I am studying databases from the book Fundamentals of Database Systems, from authors Elmasri and Navathe, 5th edition, and they explain briefly external sort using merge sort in almost at the beginning of chapter 15. They divide the algorithm in two phases:
1) Sorting: They use the next notation:
In this phase we put in memory as many blocks as we can of the data file, we sort them using any internal sorting algorithm and we write them as a temporary sorted subfile. We repeat this with the rest of the blocks of the file, so we will get more sorted subfiles. Those subfiles are which they call "portions", and the number of them is:
nr = ⌈ b / nb ⌉.
The symbols ⌈ ⌉ denote the ceiling function. The I/O cost of this phase is 2b, because we need to read each block one time (b accesses). Then, to save all the portions we also need to make b accesses.
2) Merging: They say something similar to this (I rewrote it using my interpretation to make it clearer):
The resulting portions (ordered subfiles) are mixed in one or more passes. For each pass an output block is reserved in memory to be placing the result of the mixtures, and the rest are used as input blocks, which can be up to nb - 1, and in which one block is placed at a time of each of the ordered portions, with the purpose of mixing them. More than one pass is needed when there are fewer input blocks than portions. In addition, since each portion can have more than one block, each pass is subdivided into iterations, in each of which a block of each portion is placed.
The number dm must be equal to the minimum between (nb - 1) and nr. If we place the base of the logarithm between ( ), and its argument between 〖〗, the number of passes is:
⌈ log(dm)〖nr〗⌉.
The part I am cofused with is that they say that the cost of this phase is
2b * ⌈ log(dm)〖nr〗⌉,
so they are basically implying that in each pass we only need to read each block once and write it once, but I am not sure if that is correct. I suspect that more accesses may be necessary.

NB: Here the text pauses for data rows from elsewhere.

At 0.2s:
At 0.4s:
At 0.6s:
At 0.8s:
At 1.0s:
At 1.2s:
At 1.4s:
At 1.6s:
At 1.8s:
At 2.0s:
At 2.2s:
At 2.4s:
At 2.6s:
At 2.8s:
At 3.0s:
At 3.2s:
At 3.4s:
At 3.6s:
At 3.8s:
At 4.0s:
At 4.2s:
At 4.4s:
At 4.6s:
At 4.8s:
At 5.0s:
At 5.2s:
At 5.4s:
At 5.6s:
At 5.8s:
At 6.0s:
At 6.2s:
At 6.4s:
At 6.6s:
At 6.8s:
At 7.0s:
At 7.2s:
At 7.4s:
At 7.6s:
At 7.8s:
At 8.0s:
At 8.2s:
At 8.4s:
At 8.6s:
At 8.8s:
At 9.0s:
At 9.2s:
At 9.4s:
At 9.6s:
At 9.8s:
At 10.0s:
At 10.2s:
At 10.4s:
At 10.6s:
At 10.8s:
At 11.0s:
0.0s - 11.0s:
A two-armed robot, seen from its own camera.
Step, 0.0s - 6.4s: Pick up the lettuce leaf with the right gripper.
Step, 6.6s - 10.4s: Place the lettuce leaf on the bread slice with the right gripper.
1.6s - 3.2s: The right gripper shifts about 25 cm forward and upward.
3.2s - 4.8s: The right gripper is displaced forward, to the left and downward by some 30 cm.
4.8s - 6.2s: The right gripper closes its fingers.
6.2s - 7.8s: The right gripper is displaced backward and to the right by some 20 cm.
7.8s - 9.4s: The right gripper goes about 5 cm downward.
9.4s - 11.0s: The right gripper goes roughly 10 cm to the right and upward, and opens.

Therefore, the total cost of the algorithm is 2b + 2b * ⌈log(dm)〖nr〗⌉
= 2b (1 + ⌈log(dm)〖nr〗⌉)
Actually, they don't say that in that way, but: "In general, the logarithm is taken in base dm and the expression indicating the number of blocks accessed is as follows:"

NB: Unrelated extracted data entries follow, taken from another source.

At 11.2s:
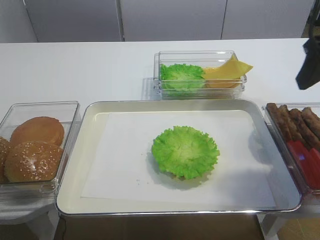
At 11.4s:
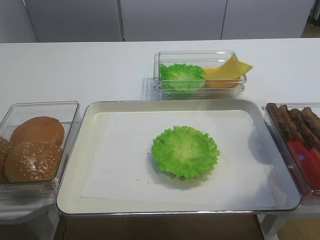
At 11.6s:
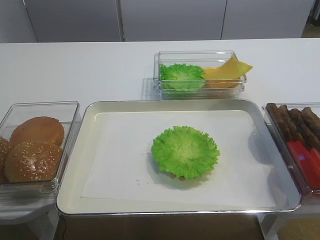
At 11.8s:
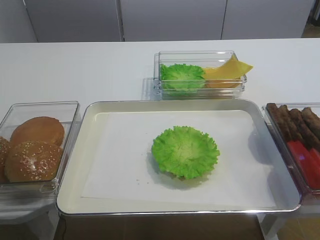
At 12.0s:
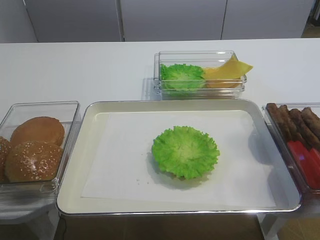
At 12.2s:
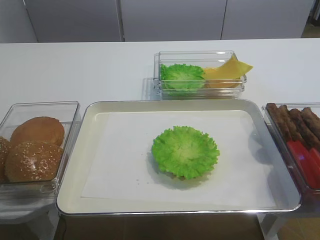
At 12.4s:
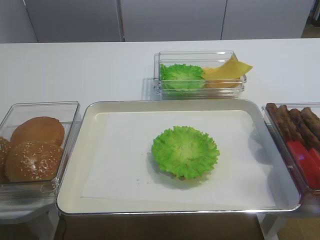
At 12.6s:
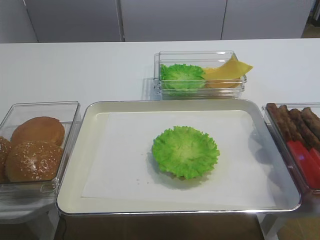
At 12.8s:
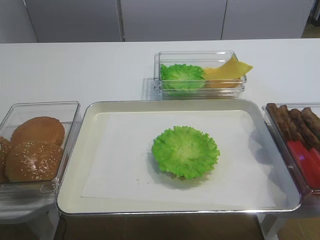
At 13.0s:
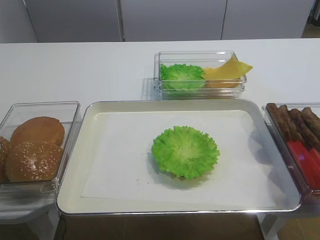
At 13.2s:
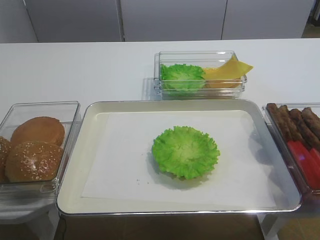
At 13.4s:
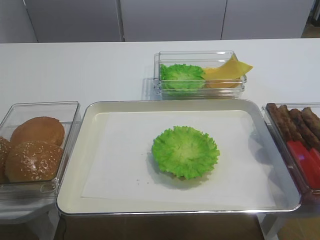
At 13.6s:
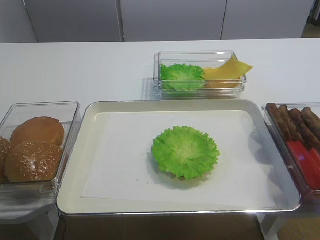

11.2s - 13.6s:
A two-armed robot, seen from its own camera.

(2*b) + (2* (b* (log(dm)〖nr〗))),
which is basically the same.
For example, suppose we have a file of 10 blocks, with 3 records per block. The available space in memory (buffer pool) has the size of 4 blocks. Let's separe the blocks of the file with ||
29,11,27 || 22,1,20 || 7,30,26 || 9,8,21 || 13,24,15 || 23,4,28 || 17,12,10|| 5,3,6 || 16,19,2 || 25,14,18
The number of portions 'nr' that result in the sorting phase is ⌈10/4⌉ = 3.
p1 = 1,7,8 || 9,11,20 || 21,22,26 || 27,29,30
p2 = 3,4,5 || 6,10,12 || 13,15,17 || 23,24,28
p3 = 2,14,16 || 18,19,25
In the meging phase, dm = minimum{nb-1, nr} = minimum{4-1,3} = 3. Then, the number of passes is log(3)〖3〗= 1. According to the formula, we should make 20 I/O's in this phase.
Iteration 1: We put these blocks in memory:
1,7,8 || 3,4,5 || 2,14,16
and they transform into this (once block at a time, which is saved in disk):
1,2,3 || 4,5,7 || 8,14,16
6 access to disk.
Iteration 2:
9,11,20 || 6,10,12 || 18,19,25
and they transform into this:
6,9,10 || 11,12,18 || 19,20,25
6 access to disk (there are already 12 accumulated).
What am I doing wrong, and how do I continue?
I assuming initial pass produces sorted runs of size {3,3,3,3,3,3,3,3,3,3} (10 blocks, 30 records). I'm not sure about dm, but the number of merge passes is ⌈log3⌉(10) = 3. 1st merge pass results in sorted runs of size {9,9,9,3} (10 blocks). 2nd merge pass results in sorted runs of size {27,3} (10 blocks). 3rd merge pass results in a single sorted run {30} (10 blocks).
The initial pass and the 3 merge passes each involve 20 I/O's, for a total of 80 I/O's.